For very large transfers prefer `rsync --progress` (visibility) or
`scp -r` (when you don't need rsync's incremental update logic).

## Working with VS Code

To auto-activate custom commands in VS Code, you can modify `terminal.integrated.env.linux`
and `VSCODE_PYTHON_ZSH_ACTIVATE` in your `settings.json`.

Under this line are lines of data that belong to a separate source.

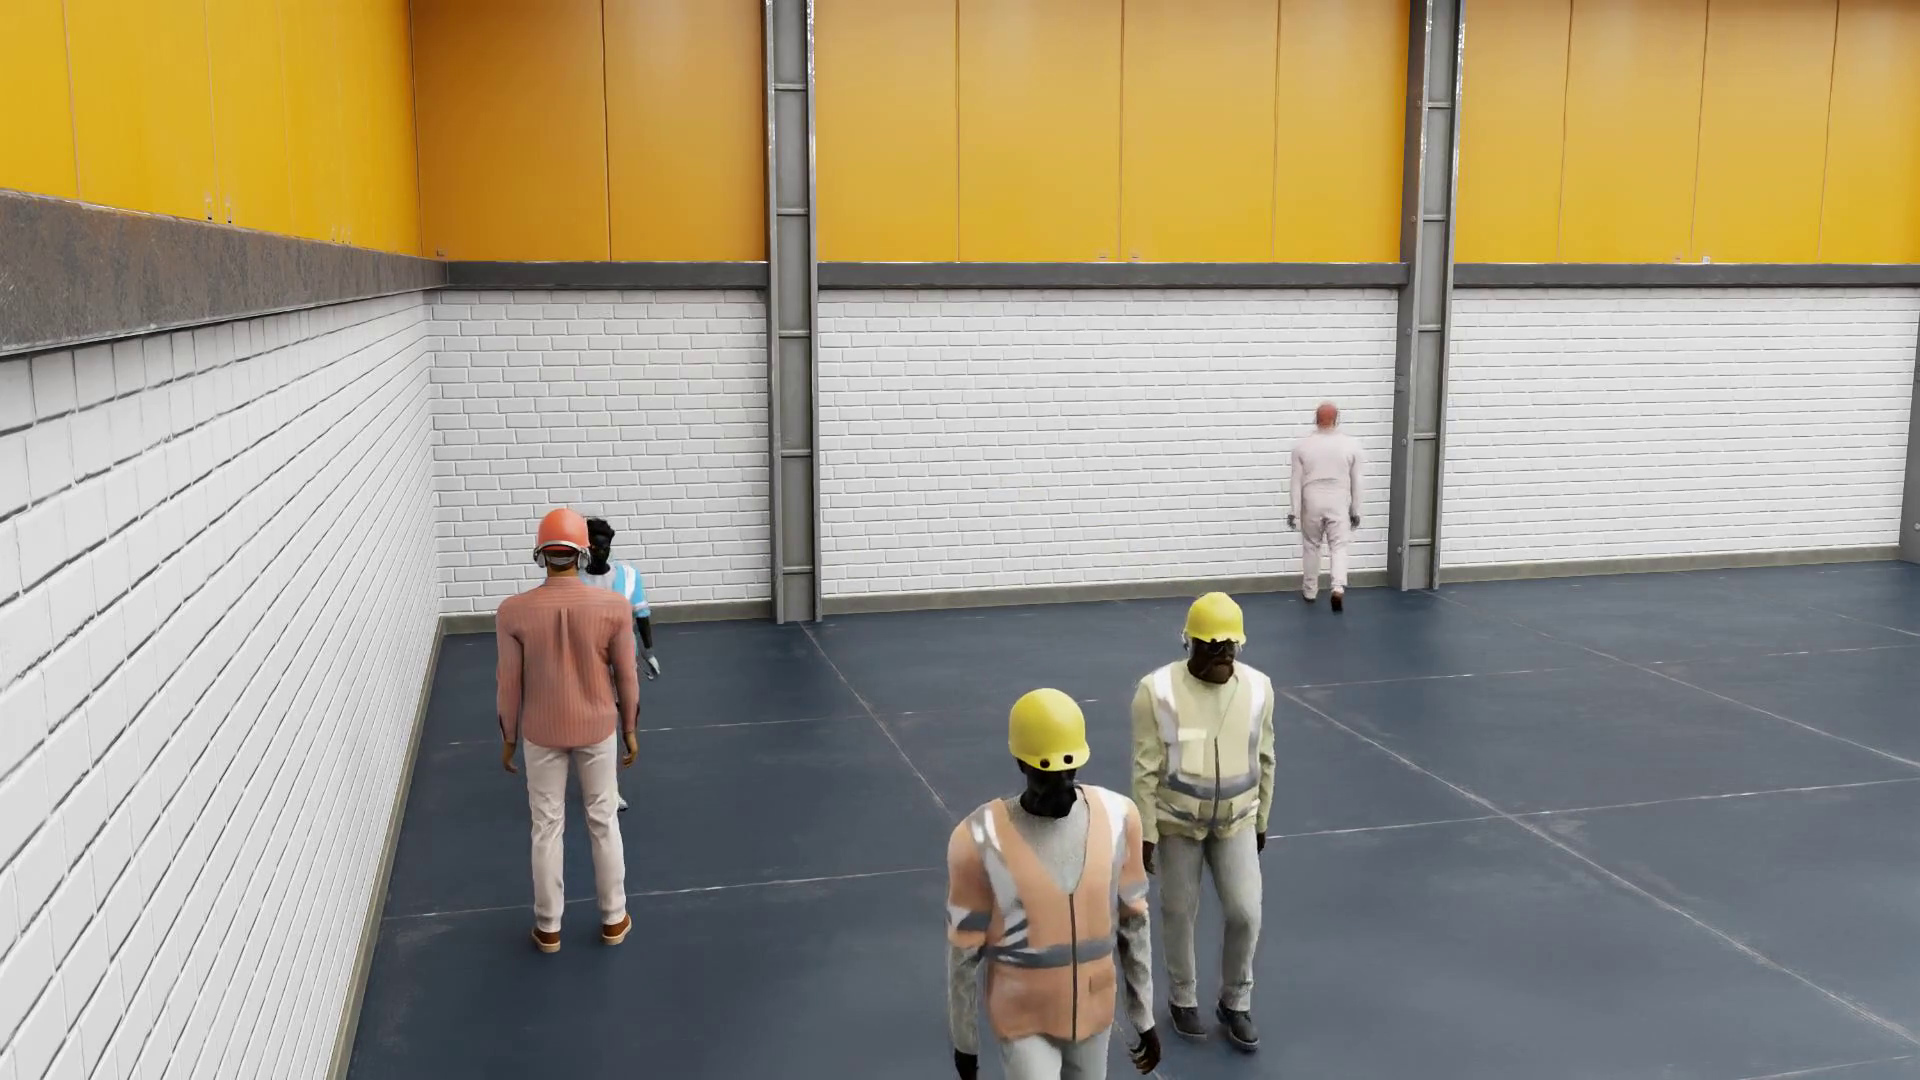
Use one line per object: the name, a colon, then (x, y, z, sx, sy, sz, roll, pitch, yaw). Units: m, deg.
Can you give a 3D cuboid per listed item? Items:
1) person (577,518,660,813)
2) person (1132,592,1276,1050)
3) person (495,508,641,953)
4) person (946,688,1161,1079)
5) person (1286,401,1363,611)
person: (-2.031, 0.691, 9.513, 0.540, 1.649, 0.867, -5, 11, -31)
person: (0.961, 1.103, 6.466, 0.596, 1.815, 0.539, -1, 9, -5)
person: (-1.753, 0.848, 7.469, 0.623, 1.992, 0.396, -2, 9, -15)
person: (0.239, 1.326, 4.809, 0.587, 1.897, 0.843, -4, 10, -24)
person: (3.302, -0.304, 15.099, 0.678, 1.930, 0.627, 2, 9, 11)
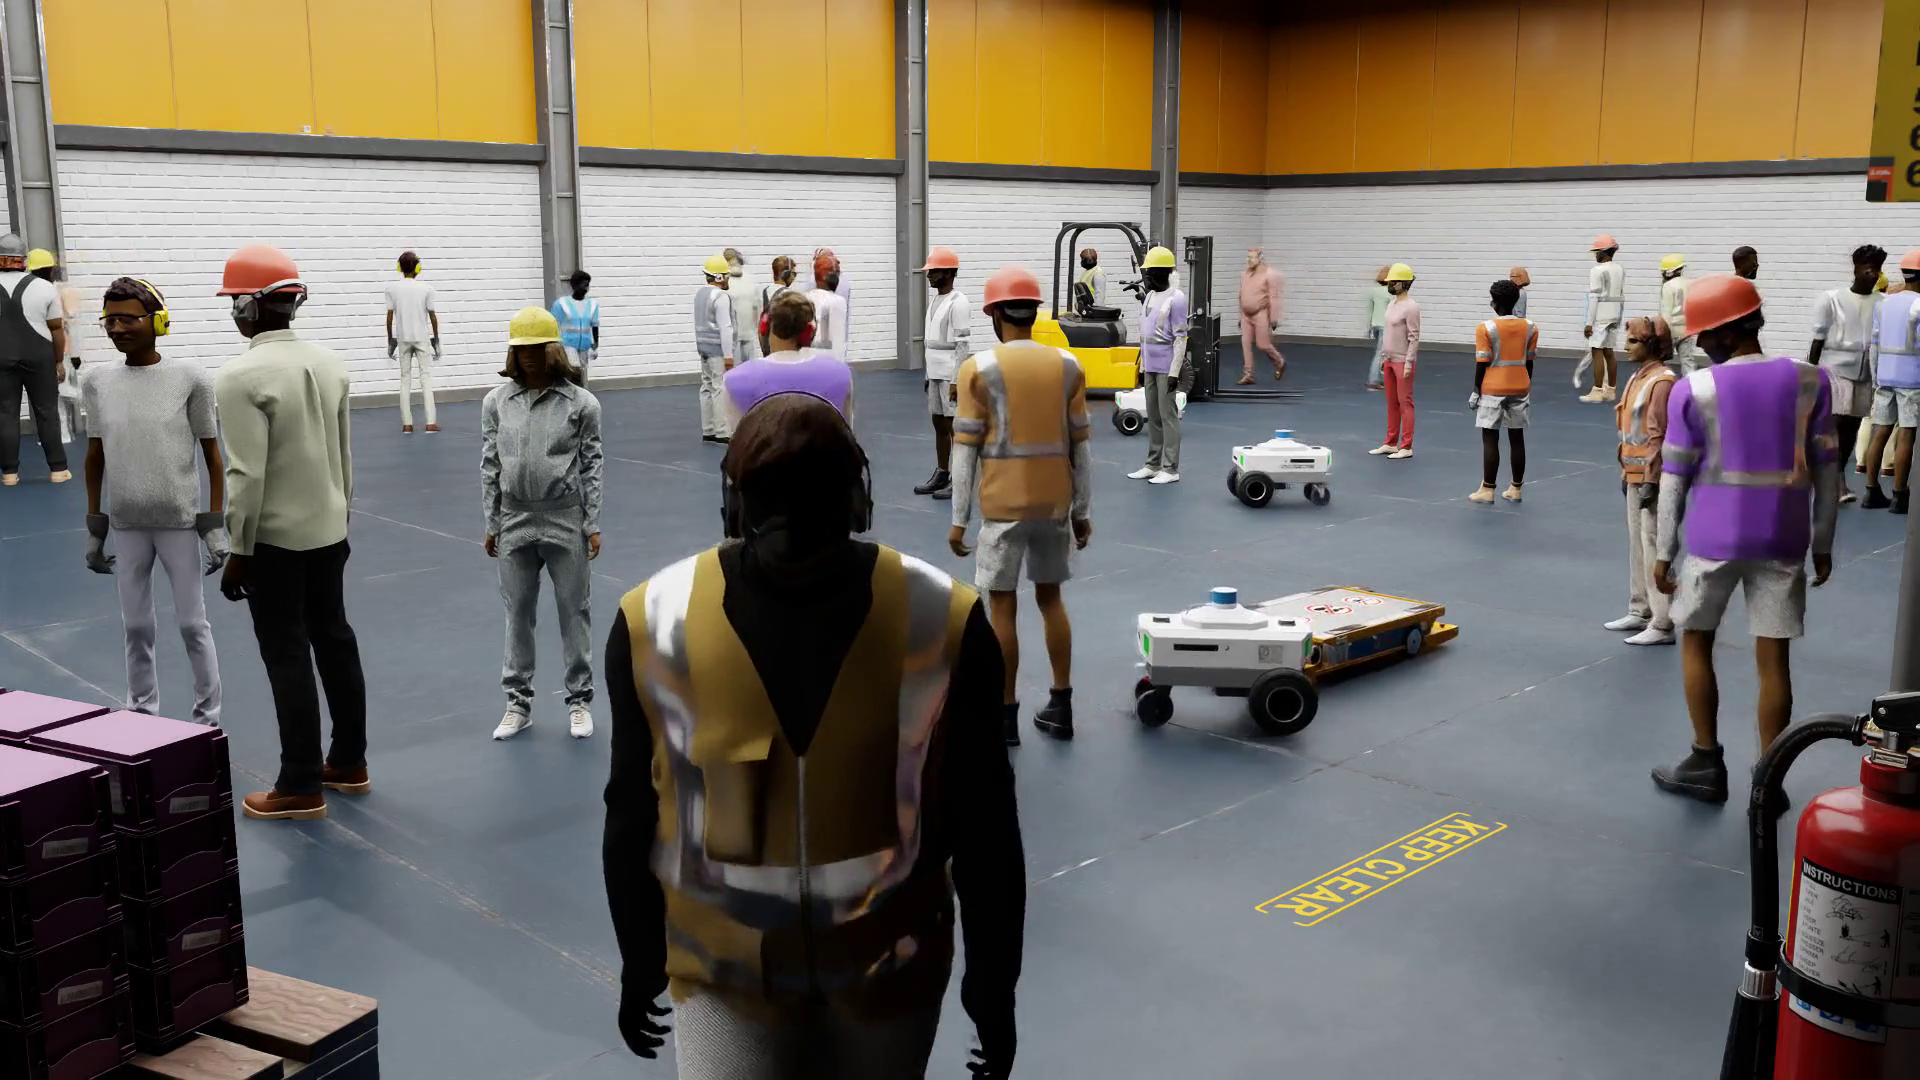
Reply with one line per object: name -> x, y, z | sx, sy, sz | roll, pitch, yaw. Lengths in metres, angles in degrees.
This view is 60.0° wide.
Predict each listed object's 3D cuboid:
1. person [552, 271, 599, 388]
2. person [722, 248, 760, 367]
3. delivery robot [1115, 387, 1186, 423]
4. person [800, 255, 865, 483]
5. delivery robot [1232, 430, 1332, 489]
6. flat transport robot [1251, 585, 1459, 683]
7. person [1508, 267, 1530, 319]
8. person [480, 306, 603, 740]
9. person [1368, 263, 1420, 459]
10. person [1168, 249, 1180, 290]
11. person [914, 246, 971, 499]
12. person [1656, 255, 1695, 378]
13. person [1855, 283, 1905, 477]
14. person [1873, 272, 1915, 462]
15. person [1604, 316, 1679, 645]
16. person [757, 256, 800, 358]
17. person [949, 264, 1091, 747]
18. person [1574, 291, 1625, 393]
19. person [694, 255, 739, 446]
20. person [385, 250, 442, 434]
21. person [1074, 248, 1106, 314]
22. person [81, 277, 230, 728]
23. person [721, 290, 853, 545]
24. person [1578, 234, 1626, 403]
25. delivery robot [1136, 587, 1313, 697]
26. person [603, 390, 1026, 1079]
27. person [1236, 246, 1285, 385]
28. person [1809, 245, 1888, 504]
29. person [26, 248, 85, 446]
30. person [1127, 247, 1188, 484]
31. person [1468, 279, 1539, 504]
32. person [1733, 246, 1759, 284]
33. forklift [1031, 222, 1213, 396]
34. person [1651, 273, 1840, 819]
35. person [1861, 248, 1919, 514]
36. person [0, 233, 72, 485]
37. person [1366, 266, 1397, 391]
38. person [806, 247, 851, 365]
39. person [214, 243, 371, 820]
person -> -4.270, -2.147, 18.345 | 0.567, 1.641, 0.847 | -9, 13, -39
person -> -2.368, -2.163, 17.746 | 0.474, 1.893, 0.736 | 10, 15, 44
delivery robot -> 1.949, -1.404, 16.999 | 0.707, 0.478, 0.477 | 0, 10, -1
person -> -1.044, -1.313, 13.203 | 0.593, 1.850, 0.656 | 9, 14, 41
delivery robot -> 2.430, -0.590, 12.558 | 0.707, 0.478, 0.477 | 0, 10, 0
flat transport robot -> 1.729, 0.438, 7.980 | 1.431, 0.197, 0.652 | -9, 14, -42
person -> 6.817, -2.529, 20.436 | 0.281, 1.636, 0.500 | 3, 11, 14
person -> -1.675, -0.059, 6.675 | 0.483, 1.745, 0.299 | 0, 10, -2
person -> 3.978, -1.622, 15.139 | 0.314, 1.769, 0.524 | -3, 11, -14
person -> 2.762, -3.084, 22.911 | 0.832, 1.845, 0.580 | -4, 11, -21
person -> -0.129, -1.283, 12.824 | 0.354, 1.938, 0.544 | -6, 12, -28
person -> 8.416, -2.466, 19.705 | 0.624, 1.793, 0.696 | -8, 13, -37
person -> 7.827, -1.345, 14.018 | 0.281, 1.624, 0.493 | -7, 12, -33
person -> 8.137, -1.519, 14.687 | 0.814, 1.724, 0.529 | 0, 10, 2
person -> 3.428, -0.298, 8.307 | 0.323, 1.630, 0.515 | 1, 10, 4
person -> -1.627, -1.669, 15.199 | 0.506, 1.837, 0.347 | 9, 14, 41
person -> 0.225, -0.142, 6.689 | 0.581, 1.911, 0.484 | -4, 11, -22
person -> 8.231, -2.689, 21.359 | 0.532, 1.613, 0.602 | -2, 11, -11
person -> -2.336, -1.821, 16.039 | 0.404, 1.834, 0.592 | -7, 13, -34
person -> -5.595, -2.021, 17.034 | 0.532, 1.868, 0.310 | -1, 10, -7
person -> 1.820, -3.177, 23.429 | 0.430, 1.838, 0.619 | -3, 11, -15
person -> -3.042, -0.050, 6.281 | 0.532, 1.870, 0.315 | -1, 10, -3
person -> -0.674, -0.113, 6.827 | 0.570, 1.811, 0.818 | -4, 11, -20
person -> 7.782, -2.675, 20.171 | 0.601, 2.035, 0.410 | -8, 13, -38
delivery robot -> 1.093, 0.440, 6.930 | 0.707, 0.478, 0.477 | 1, 10, 4
person -> -0.220, 0.675, 2.536 | 0.652, 1.790, 0.941 | -1, 10, -5
person -> 4.085, -3.033, 22.541 | 0.669, 1.882, 0.645 | -8, 13, -37
person -> 6.769, -1.227, 12.480 | 0.638, 1.941, 0.774 | 0, 10, 1
person -> -8.703, -1.871, 16.136 | 0.586, 1.901, 0.608 | 7, 12, 32
person -> 1.631, -1.423, 13.609 | 0.370, 1.928, 0.585 | -4, 11, -23
person -> 4.091, -1.111, 12.553 | 0.531, 1.693, 0.320 | -3, 11, -17
person -> 7.452, -1.855, 16.002 | 0.392, 1.917, 0.592 | 7, 13, 35
forklift -> 1.935, -2.847, 20.651 | 2.313, 2.155, 1.214 | 2, 11, 13
person -> 2.767, 0.020, 5.850 | 0.601, 1.888, 0.479 | 3, 11, 15
person -> 6.927, -1.162, 12.170 | 0.378, 1.932, 0.551 | -3, 11, -16
person -> -7.672, -1.474, 13.584 | 0.684, 2.000, 0.535 | -4, 11, -22
person -> 5.603, -2.766, 21.782 | 0.728, 1.609, 0.499 | -6, 12, -30
person -> -1.425, -2.178, 17.848 | 0.408, 1.895, 0.662 | 6, 12, 30
person -> -2.352, -0.024, 5.798 | 0.397, 1.992, 0.623 | 3, 11, 16
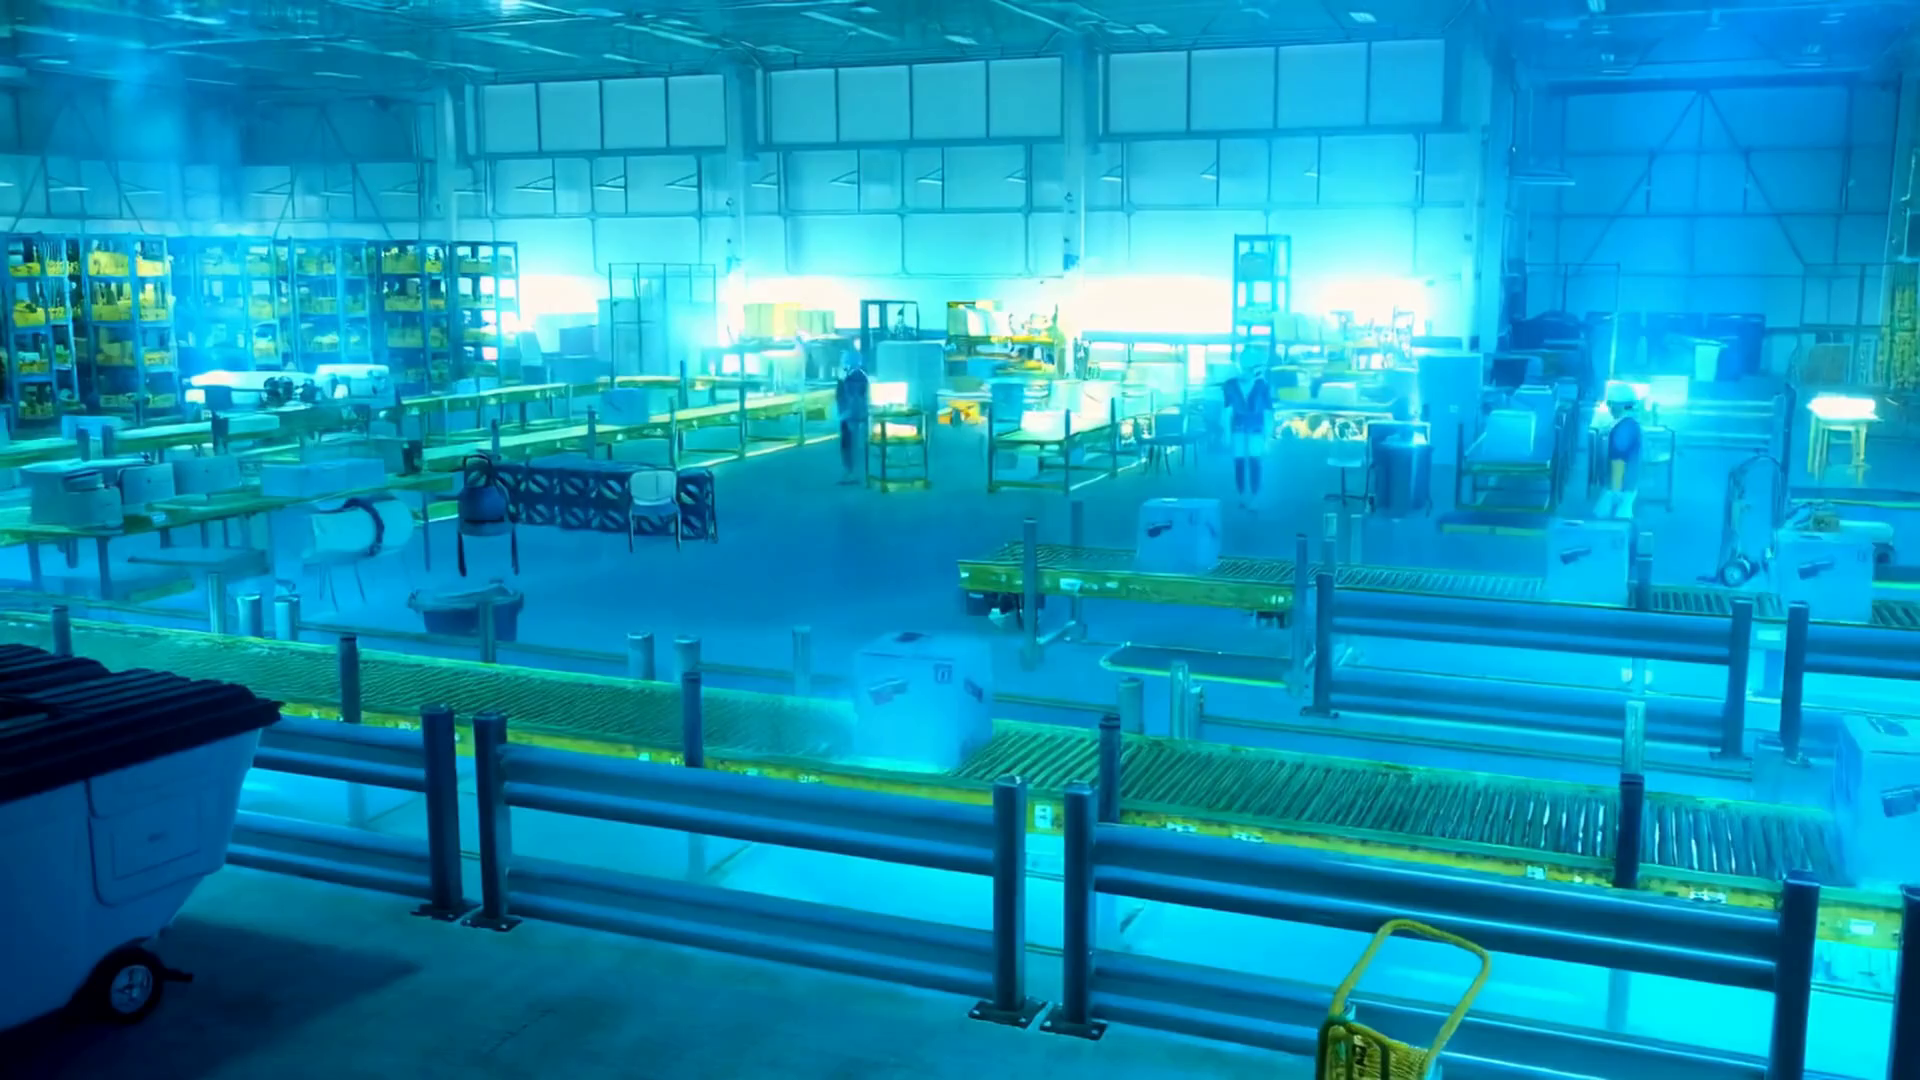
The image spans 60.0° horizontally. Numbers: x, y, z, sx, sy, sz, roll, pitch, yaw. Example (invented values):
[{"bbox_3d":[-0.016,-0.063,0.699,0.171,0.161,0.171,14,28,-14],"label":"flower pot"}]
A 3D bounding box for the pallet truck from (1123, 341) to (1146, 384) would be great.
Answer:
[{"bbox_3d":[4.445,-4.380,41.279,0.680,1.201,1.601,4,10,22],"label":"pallet truck"}]

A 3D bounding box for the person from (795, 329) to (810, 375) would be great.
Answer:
[{"bbox_3d":[-3.249,-3.536,34.663,0.895,1.713,0.549,-1,9,-7],"label":"person"}]

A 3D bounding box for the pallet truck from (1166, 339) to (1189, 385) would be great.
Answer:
[{"bbox_3d":[5.418,-4.269,40.420,0.704,1.261,1.522,3,10,20],"label":"pallet truck"}]

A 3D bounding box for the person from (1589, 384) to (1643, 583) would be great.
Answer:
[{"bbox_3d":[6.232,-0.521,15.816,0.521,1.916,0.561,8,12,39],"label":"person"}]

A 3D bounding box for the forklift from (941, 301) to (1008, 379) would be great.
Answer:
[{"bbox_3d":[0.365,-4.966,41.571,1.157,1.987,2.680,3,10,20],"label":"forklift"}]

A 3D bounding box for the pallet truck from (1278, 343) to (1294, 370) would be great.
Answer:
[{"bbox_3d":[7.886,-4.163,39.743,0.653,1.274,1.630,4,10,22],"label":"pallet truck"}]

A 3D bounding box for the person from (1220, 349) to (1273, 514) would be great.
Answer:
[{"bbox_3d":[3.498,-1.319,20.361,0.613,2.022,0.689,2,10,14],"label":"person"}]

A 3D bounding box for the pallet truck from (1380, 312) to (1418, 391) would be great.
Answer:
[{"bbox_3d":[10.207,-4.283,38.369,0.823,1.965,1.885,3,10,20],"label":"pallet truck"}]

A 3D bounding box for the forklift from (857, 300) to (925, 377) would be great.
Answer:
[{"bbox_3d":[-1.732,-5.109,42.468,1.157,1.987,2.680,4,10,22],"label":"forklift"}]

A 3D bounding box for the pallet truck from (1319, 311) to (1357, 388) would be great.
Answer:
[{"bbox_3d":[9.071,-4.419,39.190,0.823,1.965,1.885,5,10,26],"label":"pallet truck"}]

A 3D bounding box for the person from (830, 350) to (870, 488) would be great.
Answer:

For example, to activate a Python virtual environment, add the following to your `settings.json`:

```json
{
  "terminal.integrated.env.linux": {
    "VSCODE_PYTHON_ZSH_ACTIVATE": "source .venv/bin/activate"
  }
}
```

## Disclaimer

This is a **personal toolkit**, not an official ASU Research Computing
product. It is published in the hope that other Sol users find it
useful, with the following caveats:

- **Not affiliated with ASU Research Computing.** This skill is not
  endorsed, reviewed, or maintained by ASU. The official Sol
  documentation at <https://docs.rc.asu.edu/> is authoritative on
  every policy referenced here (storage retention, partitions, QOS,
  module names, scratch CSV schema). When this skill and the official
  docs disagree, the official docs win — please file an issue so this
  skill can be updated.
- **Conventions go stale.** Sol is a live system: modules get
  renamed, partitions retire, the scratch deletion pipeline can
  change its CSV format. The cached notes in `references/` are
  snapshots from a particular point in time. Verify against
  <https://docs.rc.asu.edu/> if a command does not behave as
  documented here.
- **Use cautiously.** The agent will sometimes propose commands that
  modify files, submit jobs, or open network connections. Always
  preview with `--dry-run` (or the equivalent for the tool in
  question) before executing, and review what the agent proposes
  before approving.
- **Limited test coverage.** This skill is exercised against a
  layered eval harness, but not every behavior is automatically
  verified — see [`docs/coverage.md`](../../docs/coverage.md) for the
  current matrix and known gaps.
- **No warranty.** The skill and its accompanying scripts are
  provided as-is. Review the code before running it on data you care
  about.

If you are unsure whether the agent's proposed action is appropriate
for your account or project on Sol, contact ASU Research Computing
directly rather than acting on the suggestion.